In 1999 it was revealed by Dr Richard Horton, editor of The Lancet, that a senior Fellow of the Royal Society had threatened him with the loss of his job if he published Dr Pusztai's research on GM potatoes, even though that research had been approved by a majority of its peer reviewers.  The scientist in question? Sir Peter Lachmann, he who lectures us about the importance of "scientific trials".

More black propaganda:
"Greenpeace founder calls extremists 'anti-human' "
'Big Food' funded Web site attacks celebs, foundations

Any consumer or farmer who still has faith that regulators or the justice system will protect them against, or compensate them for, harm caused by GMOs should read the following article, from Private Eye, which we are reproducing in full.

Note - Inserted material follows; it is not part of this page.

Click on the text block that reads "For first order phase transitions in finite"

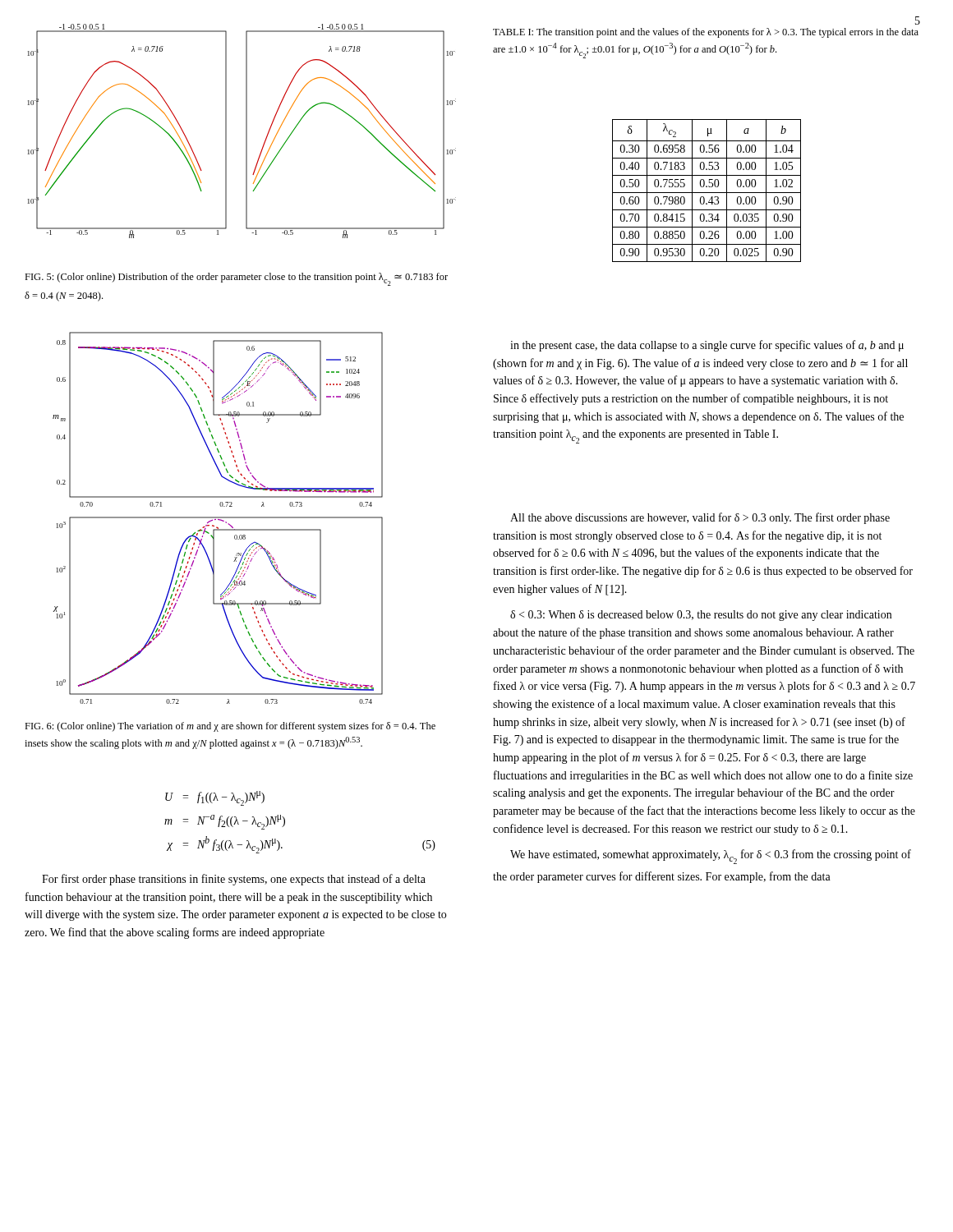(x=238, y=906)
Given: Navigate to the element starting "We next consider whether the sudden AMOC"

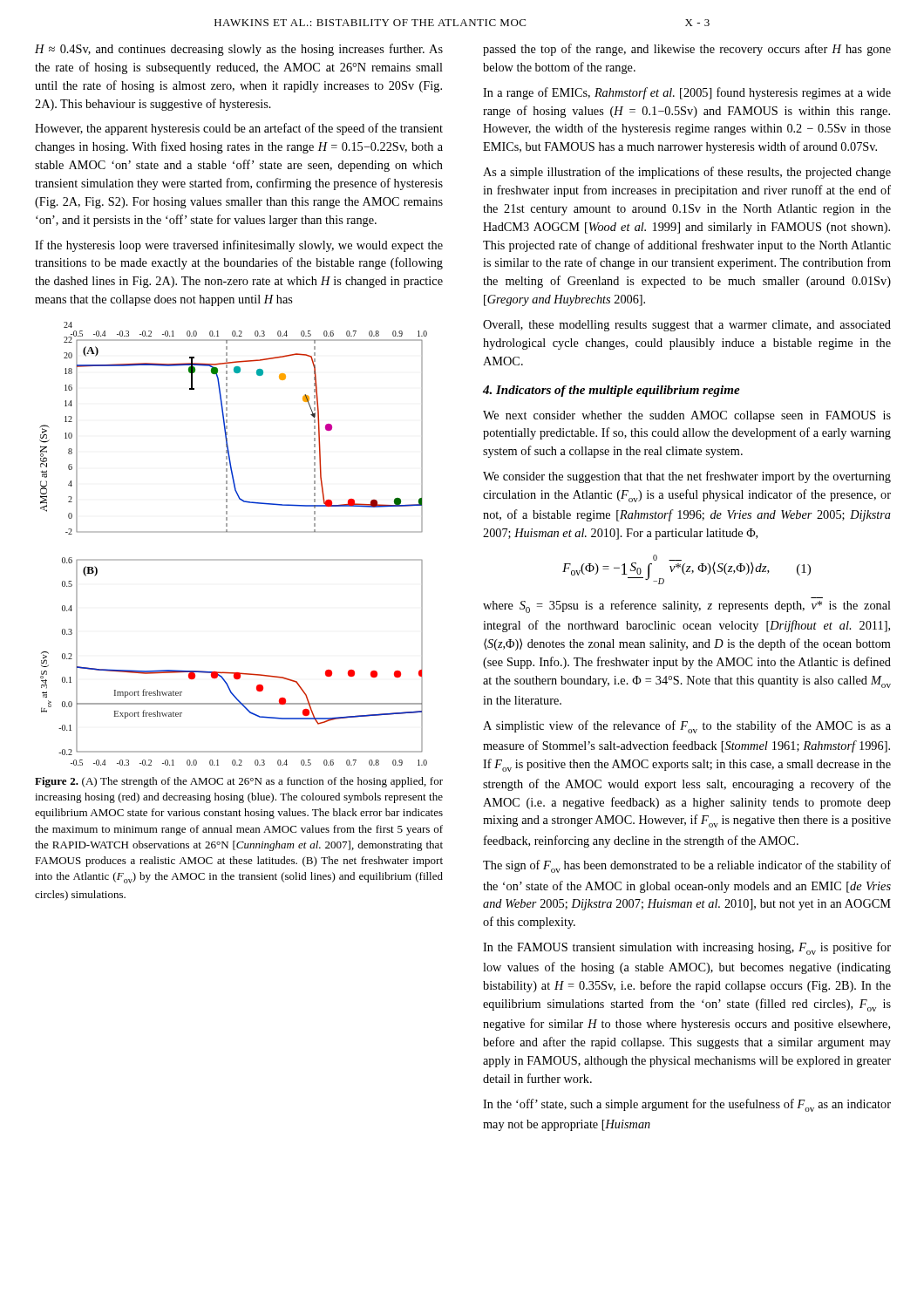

The article tells how nearly 20 years after the event, Dow has still not acknowledged responsibility for the 1984 poison chemical leak in Bhopal, India, that killed at least 20,000 people. The chemical plant was owned by Union Carbide, but was later taken over by Dow.

The article makes clear that Dow, like all corporations, recognises only one responsibility -- to its shareholders. Even if such a company were to cause suffering, destruction and death on a vast scale, it will devote all its resources to ***not doing the right thing***, i.e. it will evade liability. Admitting responsibility would damage share prices and could lead to the company's collapse on the stock market -- and would set legal precedents that would end the reign of the corporation as we know it.

For intellectually challenged politicos who fail (or conveniently pretend to fail) to grasp this simple lesson, it's here spelled out with admirable clarity by the president of Dow. He also as-good-as admits that the imperatives of the corporation are incompatible with democracy.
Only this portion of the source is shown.